We can choose to run sar automatically, as an unattended script. Or interactively and get system metrics on the spot.
Unattended Mode
With a simple cron entry we can log system activity. If possible, as root, otherwise some data may be missing.
# cron entries, take a sample every 10 minutes
@reboot /usr/lib/sa/sa1 --boot
*/10 * * * * /usr/lib/sa/sa1 1 1 -S DISK
The @reboot line is kind of optional, but if the cron supports it’s good to have since it ensures the counters are reset
on boot.
sa1 is script that calls sadc, which does the actual collection.
To prevent the files from growing too large not everything is stored, however
additional counters can be enabled with -S.

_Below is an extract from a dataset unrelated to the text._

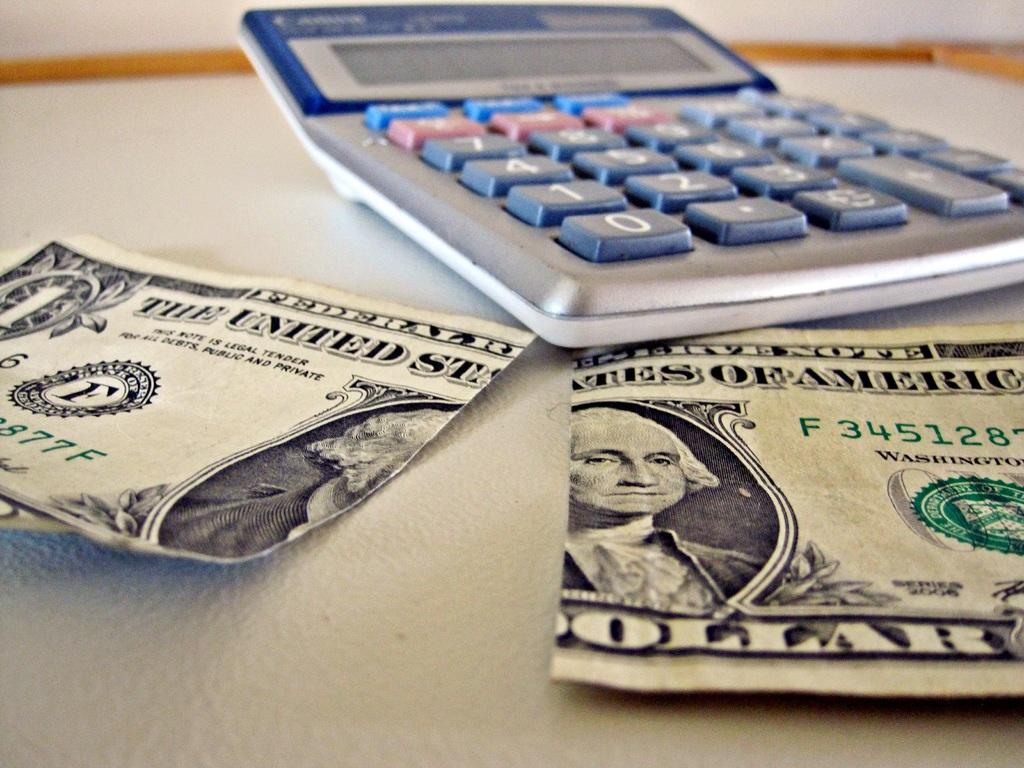<image>
Create a compact narrative representing the image presented. A dollar bill from the United States is ripped in half. 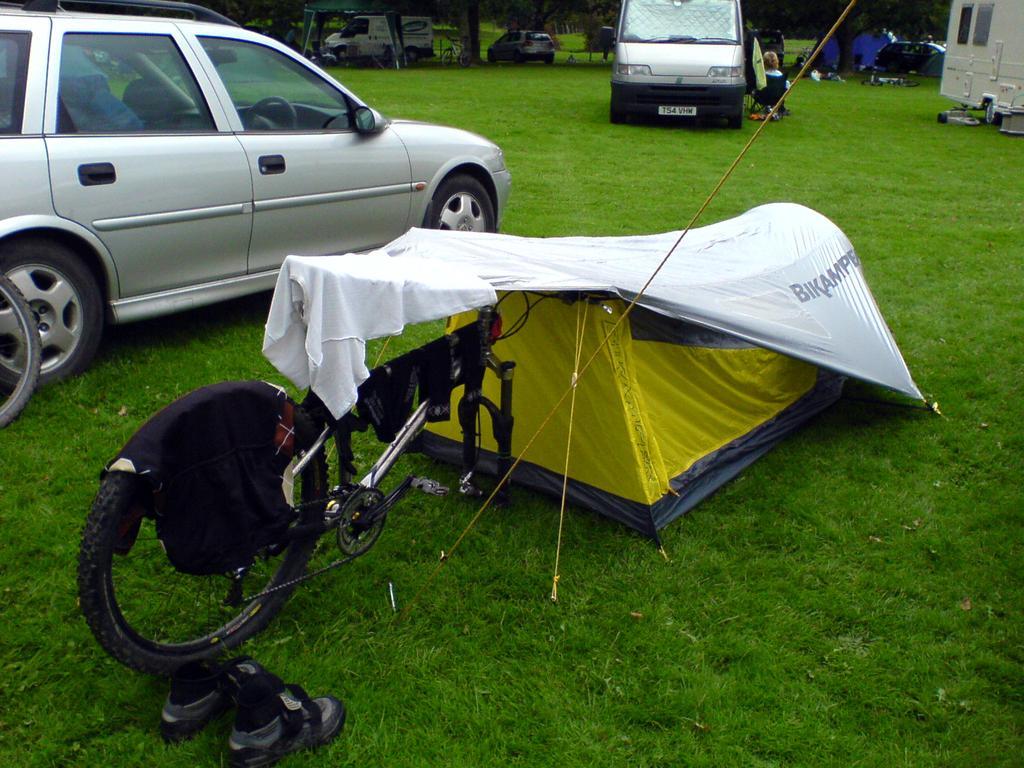In one or two sentences, can you explain what this image depicts? In this image we can see bicycle, tent. There are cars, trees. At the bottom of the image there is grass. There is a pair of shoes to the left side of the image.

Optional collection options for sadc:
- DISK block devices
- XDISK block devices and partitions
- INT system interrupts
- IPV6 network IPV6 statistics
- POWER power management
- SNMP is for the SNMP statistics
- ALL everything except XDISK
- XALL everthing including XDISK
Also check sysstat’s config for compression and retention options. /etc/conf.d/sysstat or /etc/default/sysstat
To access the stored data we have two alternatives:
sa2 is a script that generates an activity report for the previous day (/var/log/sarNN). This can be croned easily:
# generate daily activity report
00 18 * * * /usr/lib/sa/sa2 -A
The other way is calling sar directly, this lets us choose the view:
# sar views with extended options
-u [ALL] CPU utilization (default view)
-b I/O rates
-d block device activity
-F mounted filesystem statistics
-n ALL network statistics
-P ALL per processor statistics
-q queue and load average
-r [ALL] memory utilization
-H hugepages utilization
-S swap space utilization
-B paging statistics
-W swapping activity
-v inode and kernel tables
-w task/process creation
-y TTY device activity
-m ALL power management statistics
-I ALL interrupts
-A Everything
Some views have additional options, for example -n ALL shows all network activity (including protocols) while -n DEV
only shows network devices.
sar by default shows today’s logs, -1 brings yesterday’s, -2 the day before yesterday and so on.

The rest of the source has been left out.